How Physical Violence Impacts Child Psyche
Dr. H.K. Phukan, Deputy Medical Superintendent of Pediatrics at Vivekananda Kendra, NRL Hospital in Assam, emphasizes the challenges children may face that can negatively impact their well-being.
Nightmares may become a common occurrence among children, possibly stemming from their growing worries or anxieties. As a result, they may develop a reluctance to attend school, further exacerbating the issue. The lack of communication with busy parents could hinder their ability to express personal experiences, leading to a decline in their academic performance.
He said such children may feel shunned, so they start having nightmares, can't sleep well and develop low self-confidence.
"Psychologically, he may go to any level, even suicide. It's because after that incident there is no one to share with.

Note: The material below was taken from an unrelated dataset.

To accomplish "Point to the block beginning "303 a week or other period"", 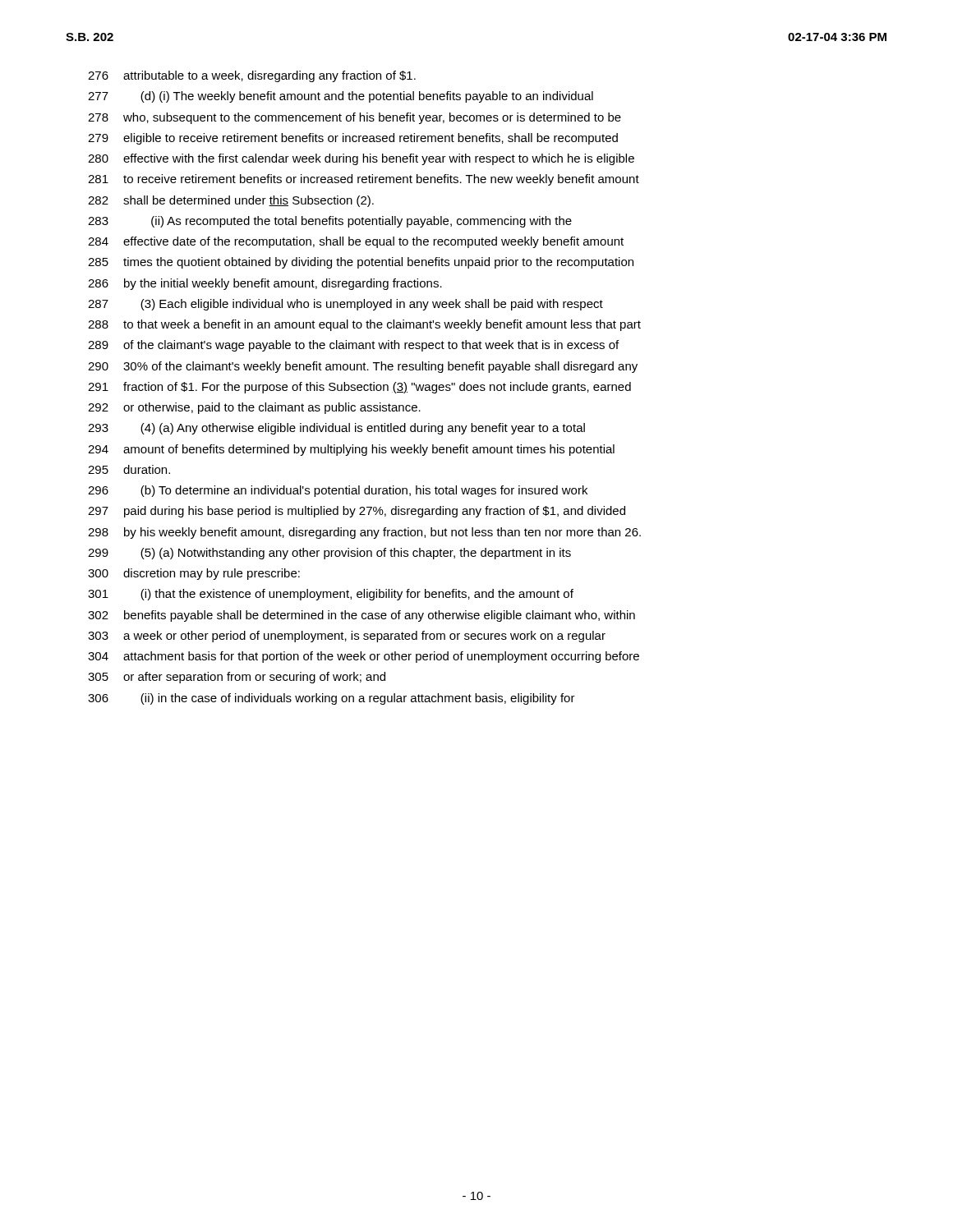I will [x=476, y=635].
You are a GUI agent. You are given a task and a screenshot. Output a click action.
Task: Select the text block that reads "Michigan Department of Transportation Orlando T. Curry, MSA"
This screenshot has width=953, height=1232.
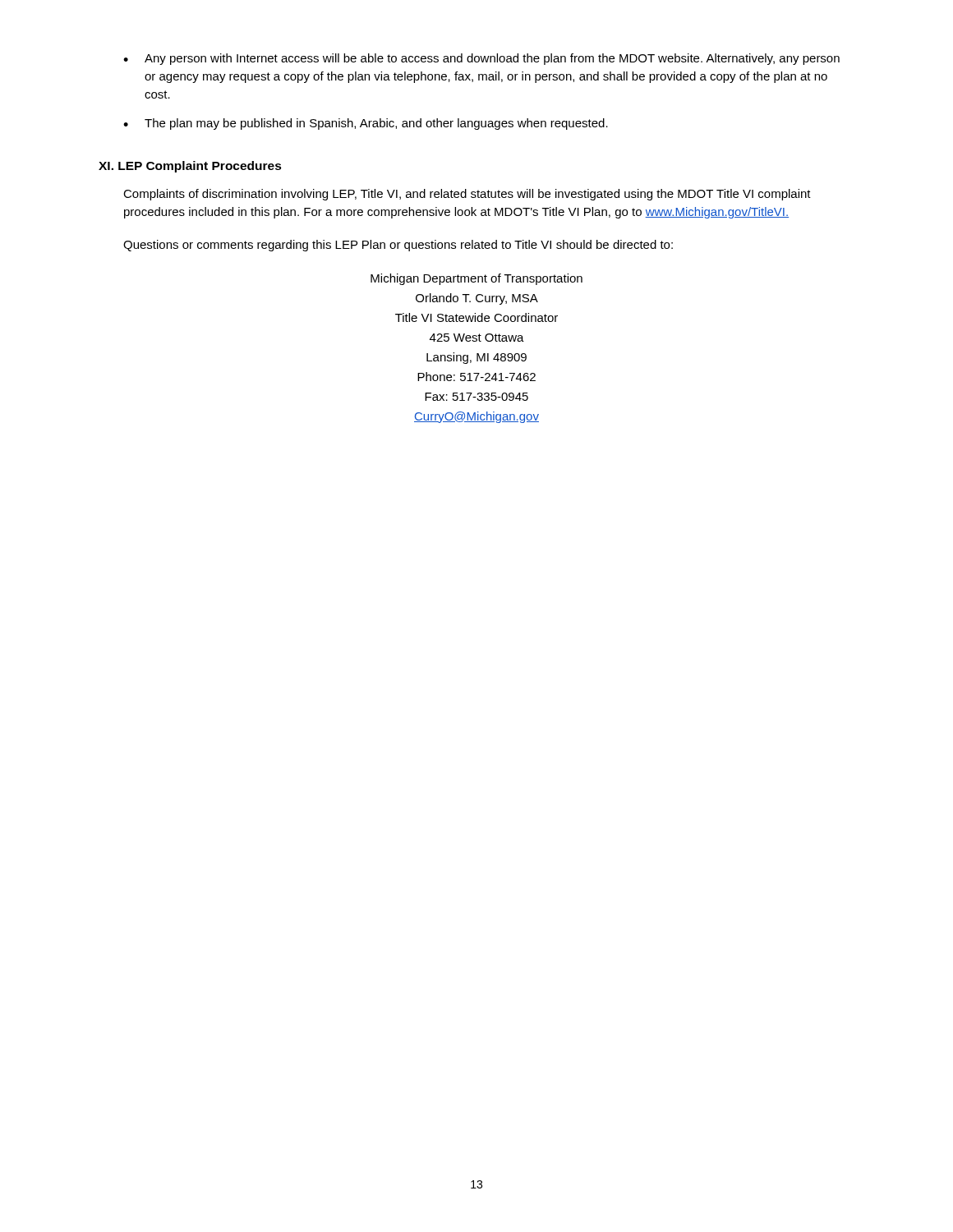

His friends circle or peer group will make fun of him. The parents at first may not understand him due to busy lifestyle. So, he is totally cut off from the world and may go up to an extent (suicide)," he warned.
What's on your child's mind?
According to Dr. Phukan, when such incidents are reported, parents should monitor their children and look for signs of depression, distance, or irrational behaviour. "Apart from the physical injuries, the mental impact of such experiences may last up to six months or one year," he noted.
He suggested that parents should spend a little more time listening
to their children and understanding what they are going through.
"So, I stress that we should have at least one family meeting a week. We should sit together, play or go for a movie or just go into relaxing mode, we should have all those things to make everyone speak up," Dr. Phukan prescribed.